Zero based implementation tries to allocated java heap using different strategies based on the heap size and a platform it runs on.
First, it tries to allocate java heap below 4Gb to use compressed oops without decoding if heap size < 4Gb.
If it fails or heap size > 4Gb it will try to allocate the heap below 32Gb to use zero based compressed oops.
If this also fails it will switch to regular compressed oops with narrow oop base.
is that really <<2 in the first disassembly? should it not be <<3 as in the second, and the sparc one.
good catch; thanks
Is there any plan to increase the range of compressed oops beyond 32 GBytes? Although 32 GBytes obviously fits nicely with the x86 addressing modes and requires only 8 byte object alignment it imposes a significant limitation on the use of an important technical advance. We are seeing pretty stonking benefits from compressed oops in benchmarks of our real-world cache applications. Although there are some obvious disadvantages of increasing the range (e.g. intruction pipeline effects on intel and the need for 16 or 32 byte object alignment in heap) our tests of building openjdk with 64 GByte compressed oop support and running our largest java applications indicates that there continue to be significant performance and heap size benefits with 64 GBytes of compressed oops.
I was just browsing through the source code around markOop and noticed the 64bit cms size stuff, so that lead me to look at freeChunk.hpp in the CMS stuff with it's special mark word (for 64bit compressed oops), followed by two machine word linked list pointers.

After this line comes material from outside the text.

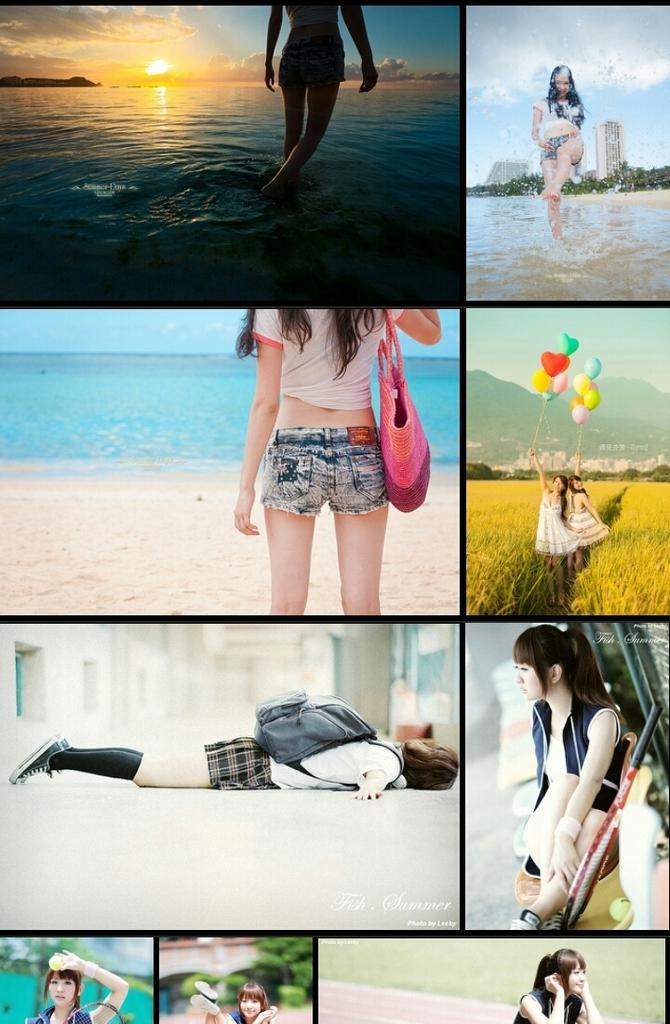Who is the main subject in the image? There is a girl in the image. What is the background of the image? The girl is standing in front of a beach. How is the girl positioned in the image? In some images, the girl is standing, and in others, she is laying down. What might the girl be holding in the image? In some images, the girl is holding balloons. What type of experience does the fireman have with yarn in the image? There is no fireman or yarn present in the image; it features a girl in front of a beach. 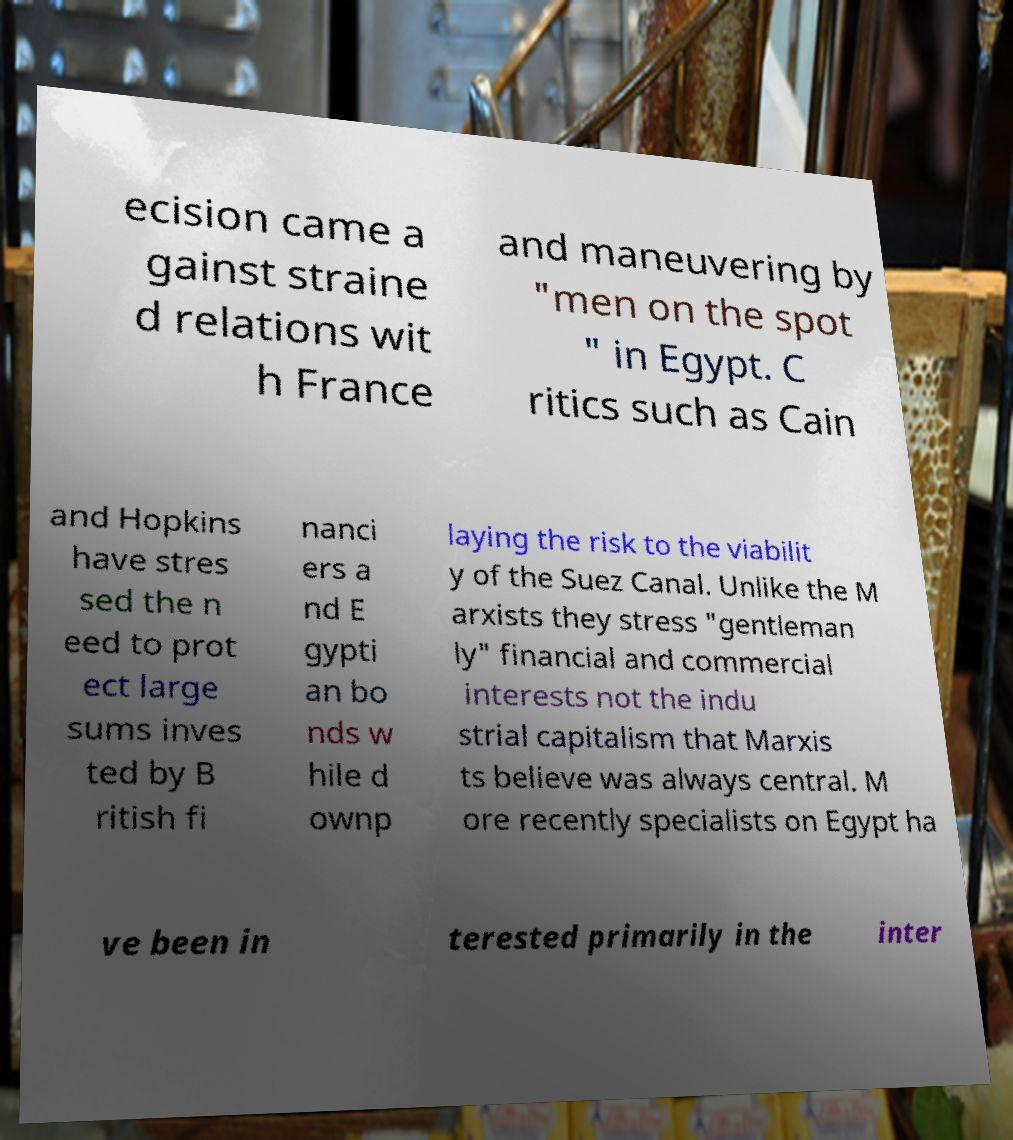Can you accurately transcribe the text from the provided image for me? ecision came a gainst straine d relations wit h France and maneuvering by "men on the spot " in Egypt. C ritics such as Cain and Hopkins have stres sed the n eed to prot ect large sums inves ted by B ritish fi nanci ers a nd E gypti an bo nds w hile d ownp laying the risk to the viabilit y of the Suez Canal. Unlike the M arxists they stress "gentleman ly" financial and commercial interests not the indu strial capitalism that Marxis ts believe was always central. M ore recently specialists on Egypt ha ve been in terested primarily in the inter

I was just wondering if you guys gave any thought to making these _prev, _next pointers compresses oops in this case, or is it clear that there are so few object types that can fit their fields in the spare 32 bits of a compressed oop header that the space savings would be irrelevant (i.e. making the minimum size of a CMS tenured generation object 2 words not 3)?
oops (no pun intended) to answer my question I guess there are also some CMS related algorithms that rely on an object/free space having at least 3 bits in the bitmap.
that said, it seems the Printezis stuff that requires a minimum of 3 words is only used for stuff directly allocated from the CMS generation (as opposed to promoted), so I'd guess that such an allocation would never be for such a small object (i.e. 2 words)...
in any case, I guess this is the wrong place for such a discussion.
When we test using CompressedOops we found some operations were slower. I wondered if this is due to the <<3 and whether this can be automatically dropped if the heap size is less than 4GB. i.e. if you have a small enough heap, do you really need the shift?
Thanks for good writing!
I transrated this page to Japanese.
Please feel free to ask me(authornari at gmail.com) if you have some problem.